By Georard N. Mitchell, Guest Contributor
As an educator, I find it imperative that we make an extra effort to meet the needs of students who don’t easily meld into the pot that is a public school education in America. Why an extra effort do you ask? Well, it’s because it seems as though our society has made an extra effort to ignore and oppress these students and their families.
Through our many fixtures such as intolerance, poverty, discrimination, racism, sexism, and any other applicable ism’s, our society actively works against the best interests of various groups of people. With that being said, we must actively combat these injustices in any way that we can.
As a black man, I spent a large portion of my life thinking that I had it harder than anyone else. At least that’s what I was told. What I experienced. It took a while before I realized, shamefully, that other than having grown up poor, I have privilege in almost every way possible. I’m a man, heterosexual, Christian, able-bodied, cognitively able, financial stable, young and healthy.

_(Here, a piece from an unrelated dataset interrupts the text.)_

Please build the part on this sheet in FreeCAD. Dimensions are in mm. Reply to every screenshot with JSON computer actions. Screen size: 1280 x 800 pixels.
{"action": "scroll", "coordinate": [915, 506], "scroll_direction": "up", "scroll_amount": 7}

The blinders began to come off in college, but my privilege was more apparent when I began working as a teacher, specifically a special educator. I think that it becomes tough for humans to have empathy and compassion, when we think that we have it worse than everyone else. But as I took a step back, I found myself in the position of working towards being an ally towards other marginalized groups of people.
A specific “aha moment” was when I took a trip abroad. After a thirteen-hour flight to Turkey I had one question. Why is there so much English? As I continued my trip through the Netherlands and the Czech Republic I wondered, how would I navigate this trip if I didn’t speak English? This was the first time in my life I ever considered my linguistic privilege.

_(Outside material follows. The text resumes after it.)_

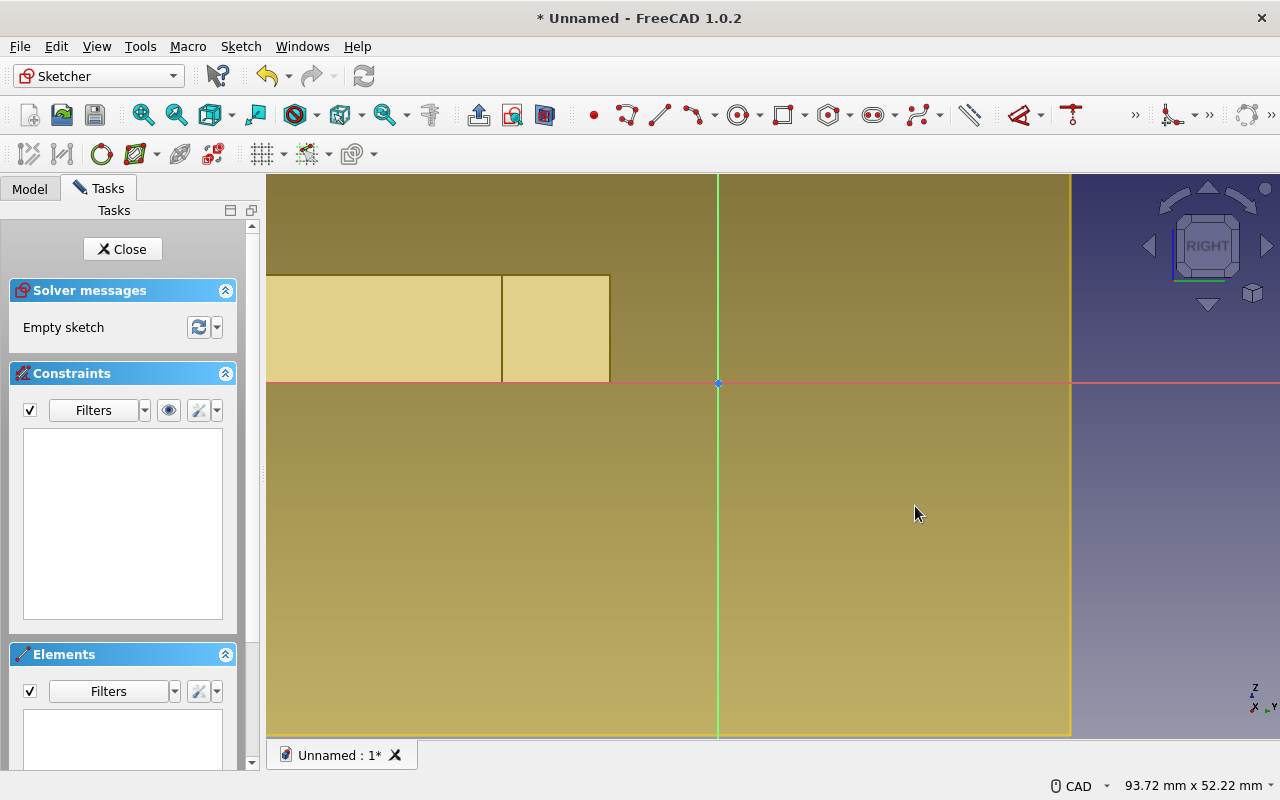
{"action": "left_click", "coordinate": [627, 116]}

With all that is going on in our current sociopolitical sphere, Latino immigrant children are some of the newest victims of societal intolerance and ignorance. If coming to another country isn’t jarring enough, in addition to the many other circumstances students could be dealing with, imagine that the space that you spend the majority of time in outside of your home is spent as uncomfortably as you’ve been since you got here. Repeating the same frustrations day after day, with your only comfort being the hope of seeing other children you know at school who share your misery. The people around you don’t seem to understand any of what you say, you don’t understand the majority of what they say, and many people don’t seem to care that you have anything to say anyway. I think you get the point.
But let’s give ourselves the benefit of the doubt. Let’s assume that we want to help but maybe we don’t know how to assist these children in truly feeling valued. Maybe we just need a concrete example of how to get it done. Well the article, Artful Spaces/Safe Places: A Gallery Provokes Voices that Interrogate Common Narratives of Latino Immigrant Children, gives a glimpse into how we can do this.
The article details a collaboration between a community director at an urban Spanish-speaking church and faculty from literacy education and visual art at IUPUI. In a summer program, students created hanging journals made from clay that helped in expressing children’s otherwise silenced voices. These journals held more meaning than which the children could fully express in English.
Then students were shown that their work was valued, as it was displayed in a gallery for their friends, family and community to observe. Not only does this illustrate the significance of the arts for children, but it shows that if we truly want to understand the experiences of others and make meaningful connections with them, we can.
Georard N. Mitchell is an Educational Leadership Master of Arts student in the IU School of Education at IUPUI.